TRY IT =>
Once you have checked each line below, report only the number of lines that contain the word "streaming".

MATERIALS PROVIDED =>
------------------------------------------------

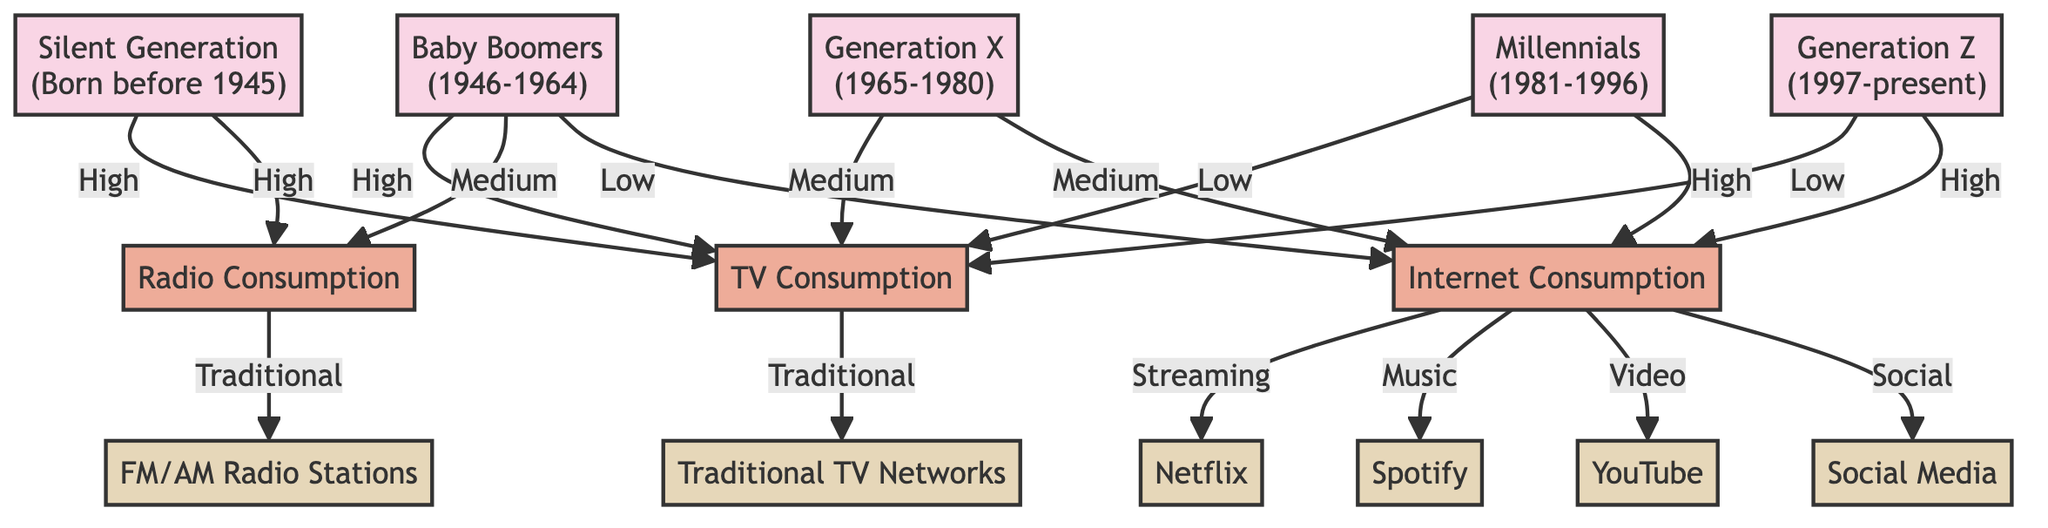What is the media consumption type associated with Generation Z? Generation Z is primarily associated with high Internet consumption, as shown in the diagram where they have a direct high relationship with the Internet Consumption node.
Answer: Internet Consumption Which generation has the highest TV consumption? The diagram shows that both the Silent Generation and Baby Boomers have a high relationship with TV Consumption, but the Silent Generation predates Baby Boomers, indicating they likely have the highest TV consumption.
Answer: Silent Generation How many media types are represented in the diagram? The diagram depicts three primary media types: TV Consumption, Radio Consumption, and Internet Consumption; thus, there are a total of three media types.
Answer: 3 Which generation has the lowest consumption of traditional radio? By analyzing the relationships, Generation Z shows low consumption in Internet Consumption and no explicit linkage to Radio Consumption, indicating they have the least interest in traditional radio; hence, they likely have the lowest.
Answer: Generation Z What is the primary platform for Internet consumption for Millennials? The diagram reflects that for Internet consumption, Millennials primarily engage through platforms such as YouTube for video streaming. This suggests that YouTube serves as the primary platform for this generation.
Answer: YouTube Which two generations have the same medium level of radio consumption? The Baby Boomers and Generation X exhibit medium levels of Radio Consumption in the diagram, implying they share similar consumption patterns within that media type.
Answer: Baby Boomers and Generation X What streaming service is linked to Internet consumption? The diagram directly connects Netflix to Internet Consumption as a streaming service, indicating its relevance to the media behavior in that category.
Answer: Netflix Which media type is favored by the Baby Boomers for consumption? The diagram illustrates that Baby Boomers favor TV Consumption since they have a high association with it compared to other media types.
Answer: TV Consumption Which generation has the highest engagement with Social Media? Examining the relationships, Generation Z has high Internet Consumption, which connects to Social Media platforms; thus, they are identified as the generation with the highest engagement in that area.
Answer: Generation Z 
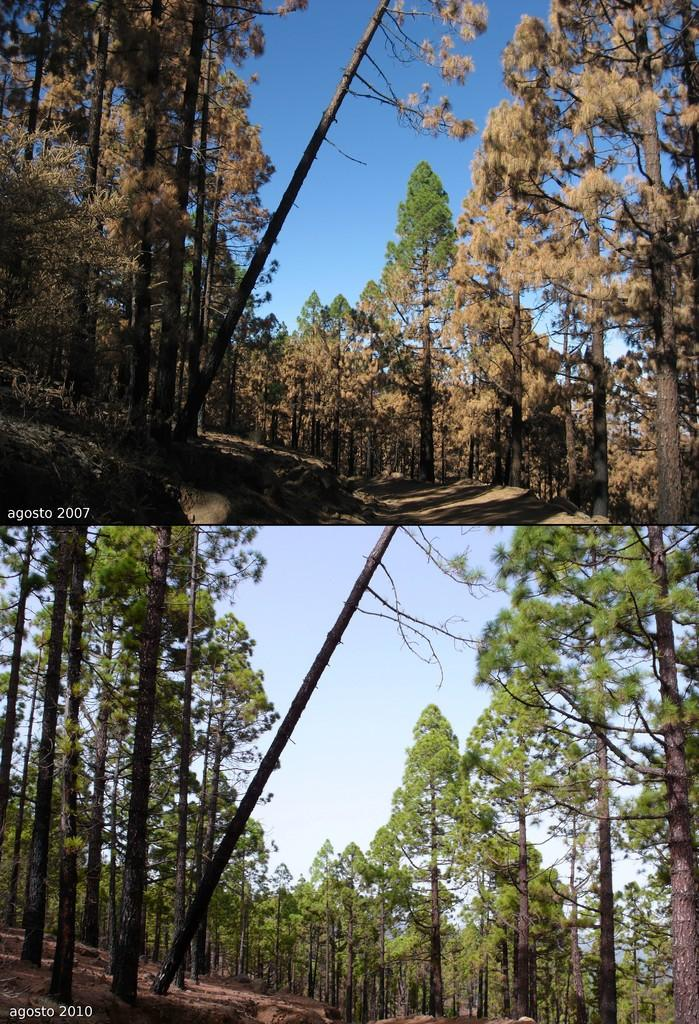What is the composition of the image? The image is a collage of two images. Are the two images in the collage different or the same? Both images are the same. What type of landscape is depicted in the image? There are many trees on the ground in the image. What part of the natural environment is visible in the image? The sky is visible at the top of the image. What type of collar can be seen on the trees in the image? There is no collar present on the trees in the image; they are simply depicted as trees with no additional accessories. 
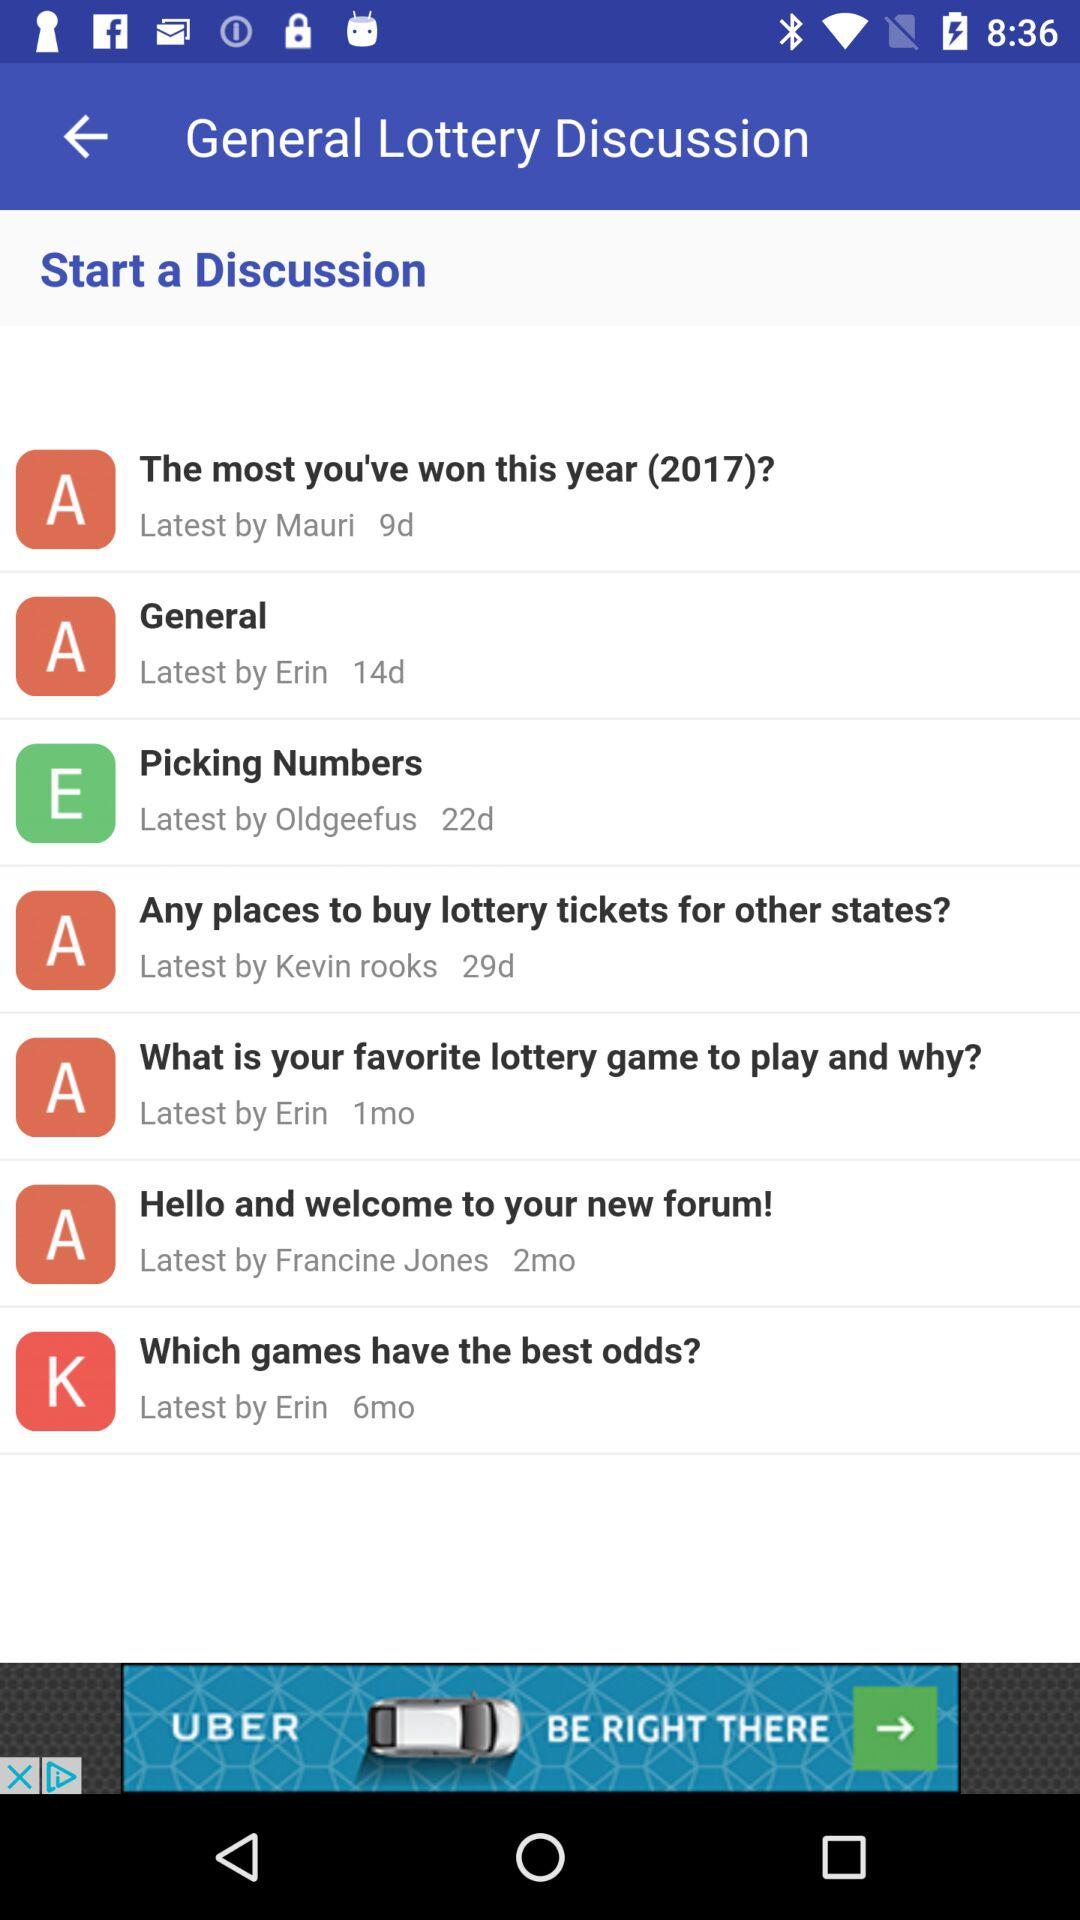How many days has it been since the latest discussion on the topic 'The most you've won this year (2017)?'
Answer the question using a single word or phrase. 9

------------------------------------------------

SOLUTION FOR THIS TASK =>
2